After locating the line that contains "35) cardboard box (840,0,872,60)" in the data below, set down exactly that line and each one after it through the line that contains "44) pallet (787,962,833,1079)", and nothing more.

RECORDS:

▼

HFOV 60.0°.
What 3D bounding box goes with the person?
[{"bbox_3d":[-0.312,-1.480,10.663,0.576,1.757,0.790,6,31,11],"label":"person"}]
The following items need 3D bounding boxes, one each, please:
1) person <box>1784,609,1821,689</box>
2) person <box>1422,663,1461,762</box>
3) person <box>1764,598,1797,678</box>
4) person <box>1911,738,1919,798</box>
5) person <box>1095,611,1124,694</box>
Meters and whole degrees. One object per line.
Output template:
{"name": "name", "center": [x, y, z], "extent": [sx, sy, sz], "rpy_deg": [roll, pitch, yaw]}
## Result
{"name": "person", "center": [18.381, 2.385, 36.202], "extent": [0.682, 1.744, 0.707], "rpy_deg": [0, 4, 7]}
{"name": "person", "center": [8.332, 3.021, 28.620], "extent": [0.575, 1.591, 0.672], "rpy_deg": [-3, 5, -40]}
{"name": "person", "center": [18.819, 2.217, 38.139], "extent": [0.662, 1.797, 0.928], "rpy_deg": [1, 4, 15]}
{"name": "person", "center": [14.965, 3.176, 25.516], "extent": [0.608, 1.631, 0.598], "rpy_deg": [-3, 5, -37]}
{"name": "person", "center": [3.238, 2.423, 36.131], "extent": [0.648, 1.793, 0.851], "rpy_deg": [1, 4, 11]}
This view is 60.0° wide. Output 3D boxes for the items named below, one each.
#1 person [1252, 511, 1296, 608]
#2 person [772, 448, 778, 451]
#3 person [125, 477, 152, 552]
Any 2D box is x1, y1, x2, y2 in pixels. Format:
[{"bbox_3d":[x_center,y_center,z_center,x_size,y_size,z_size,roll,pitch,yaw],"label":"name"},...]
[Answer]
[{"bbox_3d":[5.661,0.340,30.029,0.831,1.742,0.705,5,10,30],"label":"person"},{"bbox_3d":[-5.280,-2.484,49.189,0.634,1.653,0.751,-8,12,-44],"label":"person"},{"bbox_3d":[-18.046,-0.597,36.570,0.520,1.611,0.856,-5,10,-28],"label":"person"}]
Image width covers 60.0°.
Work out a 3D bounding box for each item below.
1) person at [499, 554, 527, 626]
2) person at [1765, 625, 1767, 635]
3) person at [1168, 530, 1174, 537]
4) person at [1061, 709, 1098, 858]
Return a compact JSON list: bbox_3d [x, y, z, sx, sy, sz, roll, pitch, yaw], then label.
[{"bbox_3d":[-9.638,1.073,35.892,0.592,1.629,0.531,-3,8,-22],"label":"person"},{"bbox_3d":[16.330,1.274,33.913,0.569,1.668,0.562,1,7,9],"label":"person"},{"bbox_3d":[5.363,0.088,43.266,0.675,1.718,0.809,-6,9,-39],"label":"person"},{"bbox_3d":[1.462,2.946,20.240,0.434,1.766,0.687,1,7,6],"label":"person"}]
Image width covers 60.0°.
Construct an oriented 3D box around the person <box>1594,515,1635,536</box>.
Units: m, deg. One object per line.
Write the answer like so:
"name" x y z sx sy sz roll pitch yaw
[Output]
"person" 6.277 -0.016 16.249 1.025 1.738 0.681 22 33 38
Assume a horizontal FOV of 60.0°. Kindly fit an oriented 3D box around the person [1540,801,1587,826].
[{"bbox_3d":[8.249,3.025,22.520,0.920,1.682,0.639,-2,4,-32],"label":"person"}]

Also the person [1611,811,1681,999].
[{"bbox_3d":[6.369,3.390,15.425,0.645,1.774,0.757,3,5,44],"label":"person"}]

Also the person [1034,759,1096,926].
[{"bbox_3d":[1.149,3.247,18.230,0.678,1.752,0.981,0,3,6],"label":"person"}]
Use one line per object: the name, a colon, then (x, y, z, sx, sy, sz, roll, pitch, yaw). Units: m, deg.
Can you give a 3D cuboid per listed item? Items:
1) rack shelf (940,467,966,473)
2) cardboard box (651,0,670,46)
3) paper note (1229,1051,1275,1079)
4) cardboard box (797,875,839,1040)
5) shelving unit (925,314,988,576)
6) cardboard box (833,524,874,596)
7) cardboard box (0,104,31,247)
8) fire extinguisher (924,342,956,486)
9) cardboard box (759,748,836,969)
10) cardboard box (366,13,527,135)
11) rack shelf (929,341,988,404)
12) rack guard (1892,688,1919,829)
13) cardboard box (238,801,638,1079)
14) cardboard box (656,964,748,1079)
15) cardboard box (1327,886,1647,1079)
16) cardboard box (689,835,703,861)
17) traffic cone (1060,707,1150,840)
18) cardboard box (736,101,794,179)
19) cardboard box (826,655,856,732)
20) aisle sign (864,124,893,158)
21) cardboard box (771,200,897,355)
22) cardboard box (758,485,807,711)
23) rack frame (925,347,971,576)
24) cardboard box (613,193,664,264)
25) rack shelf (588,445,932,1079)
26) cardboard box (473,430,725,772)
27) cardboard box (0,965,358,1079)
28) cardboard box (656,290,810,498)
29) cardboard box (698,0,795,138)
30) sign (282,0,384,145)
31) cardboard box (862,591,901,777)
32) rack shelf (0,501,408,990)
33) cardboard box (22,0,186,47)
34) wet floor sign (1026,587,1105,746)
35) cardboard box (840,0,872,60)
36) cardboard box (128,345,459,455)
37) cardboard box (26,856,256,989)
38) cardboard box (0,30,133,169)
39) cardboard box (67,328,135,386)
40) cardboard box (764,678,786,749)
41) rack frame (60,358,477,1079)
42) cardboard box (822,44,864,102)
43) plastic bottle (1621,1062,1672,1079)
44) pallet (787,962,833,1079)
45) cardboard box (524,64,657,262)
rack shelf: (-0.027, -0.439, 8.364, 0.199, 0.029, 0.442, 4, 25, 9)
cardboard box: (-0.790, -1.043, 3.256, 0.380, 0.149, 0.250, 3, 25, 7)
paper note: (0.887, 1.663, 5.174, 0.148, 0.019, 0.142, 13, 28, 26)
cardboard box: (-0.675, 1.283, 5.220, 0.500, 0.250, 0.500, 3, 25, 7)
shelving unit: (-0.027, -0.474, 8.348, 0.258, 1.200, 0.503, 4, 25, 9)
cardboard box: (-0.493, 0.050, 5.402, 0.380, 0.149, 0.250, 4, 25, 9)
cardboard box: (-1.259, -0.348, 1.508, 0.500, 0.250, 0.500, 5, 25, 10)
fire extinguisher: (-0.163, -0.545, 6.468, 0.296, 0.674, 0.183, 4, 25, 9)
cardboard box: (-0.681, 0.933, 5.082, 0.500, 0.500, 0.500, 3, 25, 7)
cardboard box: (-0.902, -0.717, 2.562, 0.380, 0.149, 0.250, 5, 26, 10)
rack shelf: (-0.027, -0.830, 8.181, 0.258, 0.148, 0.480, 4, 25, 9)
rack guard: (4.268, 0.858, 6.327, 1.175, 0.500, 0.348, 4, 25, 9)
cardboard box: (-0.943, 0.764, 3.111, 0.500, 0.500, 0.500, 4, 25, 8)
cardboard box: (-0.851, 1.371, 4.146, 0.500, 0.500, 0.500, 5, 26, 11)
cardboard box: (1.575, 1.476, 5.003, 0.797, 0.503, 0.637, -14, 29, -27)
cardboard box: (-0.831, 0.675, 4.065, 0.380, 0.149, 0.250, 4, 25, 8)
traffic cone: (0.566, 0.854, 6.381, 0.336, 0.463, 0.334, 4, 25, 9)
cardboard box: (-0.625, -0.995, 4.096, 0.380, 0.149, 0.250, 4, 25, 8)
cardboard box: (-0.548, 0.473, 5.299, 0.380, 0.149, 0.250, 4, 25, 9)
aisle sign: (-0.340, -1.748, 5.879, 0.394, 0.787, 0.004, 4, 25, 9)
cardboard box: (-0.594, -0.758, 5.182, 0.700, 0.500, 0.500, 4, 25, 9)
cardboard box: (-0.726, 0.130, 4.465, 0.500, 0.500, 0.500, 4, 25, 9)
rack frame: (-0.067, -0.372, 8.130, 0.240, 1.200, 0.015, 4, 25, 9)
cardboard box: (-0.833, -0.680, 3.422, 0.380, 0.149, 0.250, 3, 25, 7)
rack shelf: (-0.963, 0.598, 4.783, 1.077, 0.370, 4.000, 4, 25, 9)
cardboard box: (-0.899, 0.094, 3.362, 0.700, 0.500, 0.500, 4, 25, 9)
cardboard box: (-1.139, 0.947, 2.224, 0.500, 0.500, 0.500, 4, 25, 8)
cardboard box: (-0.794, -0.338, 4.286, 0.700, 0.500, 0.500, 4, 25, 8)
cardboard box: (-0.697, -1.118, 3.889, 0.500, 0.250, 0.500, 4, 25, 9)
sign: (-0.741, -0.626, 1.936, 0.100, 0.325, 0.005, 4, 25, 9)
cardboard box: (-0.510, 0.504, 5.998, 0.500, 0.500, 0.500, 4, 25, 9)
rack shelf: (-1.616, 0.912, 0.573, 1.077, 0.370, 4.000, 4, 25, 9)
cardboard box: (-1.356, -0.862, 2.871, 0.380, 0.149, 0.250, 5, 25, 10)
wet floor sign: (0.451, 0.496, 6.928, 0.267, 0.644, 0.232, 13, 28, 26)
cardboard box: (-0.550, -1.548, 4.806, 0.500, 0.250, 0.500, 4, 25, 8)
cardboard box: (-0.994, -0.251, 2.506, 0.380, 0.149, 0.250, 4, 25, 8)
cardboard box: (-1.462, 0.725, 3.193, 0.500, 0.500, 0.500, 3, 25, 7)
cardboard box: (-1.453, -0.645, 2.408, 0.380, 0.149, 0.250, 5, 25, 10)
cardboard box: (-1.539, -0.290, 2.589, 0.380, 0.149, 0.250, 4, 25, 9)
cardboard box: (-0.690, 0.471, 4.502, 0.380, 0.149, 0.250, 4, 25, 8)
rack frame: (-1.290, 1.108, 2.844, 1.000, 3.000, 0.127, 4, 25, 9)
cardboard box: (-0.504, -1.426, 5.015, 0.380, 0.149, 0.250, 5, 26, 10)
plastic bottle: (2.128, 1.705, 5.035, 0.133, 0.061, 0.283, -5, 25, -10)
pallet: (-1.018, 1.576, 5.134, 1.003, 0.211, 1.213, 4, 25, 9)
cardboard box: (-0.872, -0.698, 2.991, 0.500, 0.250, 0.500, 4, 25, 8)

▲

TASK RESPONSE:
35) cardboard box (840,0,872,60)
36) cardboard box (128,345,459,455)
37) cardboard box (26,856,256,989)
38) cardboard box (0,30,133,169)
39) cardboard box (67,328,135,386)
40) cardboard box (764,678,786,749)
41) rack frame (60,358,477,1079)
42) cardboard box (822,44,864,102)
43) plastic bottle (1621,1062,1672,1079)
44) pallet (787,962,833,1079)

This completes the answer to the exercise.